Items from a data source
════════

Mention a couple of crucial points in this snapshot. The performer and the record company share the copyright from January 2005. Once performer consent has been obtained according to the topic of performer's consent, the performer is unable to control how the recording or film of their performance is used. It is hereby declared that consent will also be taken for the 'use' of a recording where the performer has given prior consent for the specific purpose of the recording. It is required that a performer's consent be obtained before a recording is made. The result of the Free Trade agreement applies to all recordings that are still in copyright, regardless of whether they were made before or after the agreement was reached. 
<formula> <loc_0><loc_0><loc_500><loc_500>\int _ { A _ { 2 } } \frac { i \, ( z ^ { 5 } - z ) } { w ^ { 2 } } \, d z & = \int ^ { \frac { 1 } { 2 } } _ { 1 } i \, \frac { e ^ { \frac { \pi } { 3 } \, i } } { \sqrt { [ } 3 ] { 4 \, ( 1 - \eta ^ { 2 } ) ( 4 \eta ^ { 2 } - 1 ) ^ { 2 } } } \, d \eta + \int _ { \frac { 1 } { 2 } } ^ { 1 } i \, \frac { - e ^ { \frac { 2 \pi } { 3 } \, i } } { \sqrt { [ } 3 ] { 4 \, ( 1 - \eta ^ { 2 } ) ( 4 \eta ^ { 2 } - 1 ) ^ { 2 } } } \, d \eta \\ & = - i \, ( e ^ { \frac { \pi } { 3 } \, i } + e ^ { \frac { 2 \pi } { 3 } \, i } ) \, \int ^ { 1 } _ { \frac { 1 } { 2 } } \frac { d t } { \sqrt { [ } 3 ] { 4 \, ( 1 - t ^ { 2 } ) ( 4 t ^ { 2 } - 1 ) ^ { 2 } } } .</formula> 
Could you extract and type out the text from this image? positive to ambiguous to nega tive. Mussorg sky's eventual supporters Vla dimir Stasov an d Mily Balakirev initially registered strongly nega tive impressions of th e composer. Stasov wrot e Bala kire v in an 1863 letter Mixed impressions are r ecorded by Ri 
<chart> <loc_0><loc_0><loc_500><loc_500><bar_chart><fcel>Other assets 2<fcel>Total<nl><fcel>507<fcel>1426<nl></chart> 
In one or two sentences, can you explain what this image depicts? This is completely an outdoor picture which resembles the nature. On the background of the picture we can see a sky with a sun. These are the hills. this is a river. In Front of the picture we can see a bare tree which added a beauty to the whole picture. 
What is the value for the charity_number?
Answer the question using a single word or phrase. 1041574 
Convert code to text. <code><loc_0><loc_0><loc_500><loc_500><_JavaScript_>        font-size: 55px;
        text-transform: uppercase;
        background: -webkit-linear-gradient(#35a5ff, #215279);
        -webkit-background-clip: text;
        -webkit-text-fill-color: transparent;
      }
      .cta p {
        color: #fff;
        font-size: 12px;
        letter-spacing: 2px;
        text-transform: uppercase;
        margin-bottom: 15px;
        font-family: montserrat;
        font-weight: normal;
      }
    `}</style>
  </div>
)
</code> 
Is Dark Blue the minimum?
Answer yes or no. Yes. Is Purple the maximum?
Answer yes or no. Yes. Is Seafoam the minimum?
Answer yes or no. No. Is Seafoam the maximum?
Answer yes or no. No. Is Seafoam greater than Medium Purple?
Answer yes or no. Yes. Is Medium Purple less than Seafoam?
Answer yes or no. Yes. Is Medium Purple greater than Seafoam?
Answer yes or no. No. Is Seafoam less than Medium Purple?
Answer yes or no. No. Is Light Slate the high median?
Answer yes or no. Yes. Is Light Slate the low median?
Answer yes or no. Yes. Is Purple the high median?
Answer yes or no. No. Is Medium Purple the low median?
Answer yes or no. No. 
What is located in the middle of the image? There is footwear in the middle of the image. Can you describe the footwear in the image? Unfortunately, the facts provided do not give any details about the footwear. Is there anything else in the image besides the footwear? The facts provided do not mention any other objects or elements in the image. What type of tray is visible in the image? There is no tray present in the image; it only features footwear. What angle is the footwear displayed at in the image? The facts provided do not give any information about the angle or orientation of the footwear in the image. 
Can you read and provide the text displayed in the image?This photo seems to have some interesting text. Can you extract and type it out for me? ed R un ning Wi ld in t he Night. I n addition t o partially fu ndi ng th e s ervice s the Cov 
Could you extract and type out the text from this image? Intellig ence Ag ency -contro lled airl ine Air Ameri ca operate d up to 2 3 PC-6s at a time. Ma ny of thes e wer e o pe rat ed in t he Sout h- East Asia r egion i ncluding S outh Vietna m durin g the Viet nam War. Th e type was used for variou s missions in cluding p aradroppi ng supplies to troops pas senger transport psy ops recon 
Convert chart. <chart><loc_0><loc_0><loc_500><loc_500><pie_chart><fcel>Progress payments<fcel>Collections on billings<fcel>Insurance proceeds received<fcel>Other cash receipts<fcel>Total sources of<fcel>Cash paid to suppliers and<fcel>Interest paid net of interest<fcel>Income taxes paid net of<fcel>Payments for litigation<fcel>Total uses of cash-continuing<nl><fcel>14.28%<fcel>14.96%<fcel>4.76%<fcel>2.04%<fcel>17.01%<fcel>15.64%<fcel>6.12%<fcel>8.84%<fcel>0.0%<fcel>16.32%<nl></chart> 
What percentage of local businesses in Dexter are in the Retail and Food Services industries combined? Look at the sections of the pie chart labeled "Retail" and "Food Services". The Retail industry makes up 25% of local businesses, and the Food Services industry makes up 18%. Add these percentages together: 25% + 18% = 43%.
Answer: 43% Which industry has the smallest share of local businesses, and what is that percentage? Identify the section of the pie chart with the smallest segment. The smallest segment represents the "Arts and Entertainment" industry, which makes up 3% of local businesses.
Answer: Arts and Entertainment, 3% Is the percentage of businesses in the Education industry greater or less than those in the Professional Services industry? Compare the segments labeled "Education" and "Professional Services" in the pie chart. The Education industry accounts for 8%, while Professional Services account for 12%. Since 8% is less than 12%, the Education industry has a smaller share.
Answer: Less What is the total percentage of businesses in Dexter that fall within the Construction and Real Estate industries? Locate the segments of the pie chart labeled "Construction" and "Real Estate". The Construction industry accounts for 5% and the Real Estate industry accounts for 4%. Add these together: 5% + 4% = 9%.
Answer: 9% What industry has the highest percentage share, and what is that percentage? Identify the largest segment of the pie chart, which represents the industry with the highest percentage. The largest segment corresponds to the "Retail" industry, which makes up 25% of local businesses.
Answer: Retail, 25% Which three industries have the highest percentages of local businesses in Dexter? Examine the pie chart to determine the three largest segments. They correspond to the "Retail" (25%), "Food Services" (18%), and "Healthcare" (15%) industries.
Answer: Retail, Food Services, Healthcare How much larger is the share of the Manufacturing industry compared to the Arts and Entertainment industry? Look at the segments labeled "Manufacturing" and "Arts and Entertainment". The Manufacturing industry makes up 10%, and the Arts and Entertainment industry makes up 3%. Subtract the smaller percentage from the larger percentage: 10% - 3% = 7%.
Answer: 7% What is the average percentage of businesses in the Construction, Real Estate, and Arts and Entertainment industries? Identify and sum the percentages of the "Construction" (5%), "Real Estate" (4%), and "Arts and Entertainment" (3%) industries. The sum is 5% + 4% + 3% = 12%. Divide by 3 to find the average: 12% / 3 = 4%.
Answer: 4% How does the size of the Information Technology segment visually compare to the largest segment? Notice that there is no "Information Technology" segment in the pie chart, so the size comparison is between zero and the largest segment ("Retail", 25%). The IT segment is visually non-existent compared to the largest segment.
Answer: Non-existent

════════

• _What needs to be done_: In the lines above, find the word "fcel" and copy every line it occurs in.

• _Task answer_:
<chart> <loc_0><loc_0><loc_500><loc_500><bar_chart><fcel>Other assets 2<fcel>Total<nl><fcel>507<fcel>1426<nl></chart> 
Convert chart. <chart><loc_0><loc_0><loc_500><loc_500><pie_chart><fcel>Progress payments<fcel>Collections on billings<fcel>Insurance proceeds received<fcel>Other cash receipts<fcel>Total sources of<fcel>Cash paid to suppliers and<fcel>Interest paid net of interest<fcel>Income taxes paid net of<fcel>Payments for litigation<fcel>Total uses of cash-continuing<nl><fcel>14.28%<fcel>14.96%<fcel>4.76%<fcel>2.04%<fcel>17.01%<fcel>15.64%<fcel>6.12%<fcel>8.84%<fcel>0.0%<fcel>16.32%<nl></chart> 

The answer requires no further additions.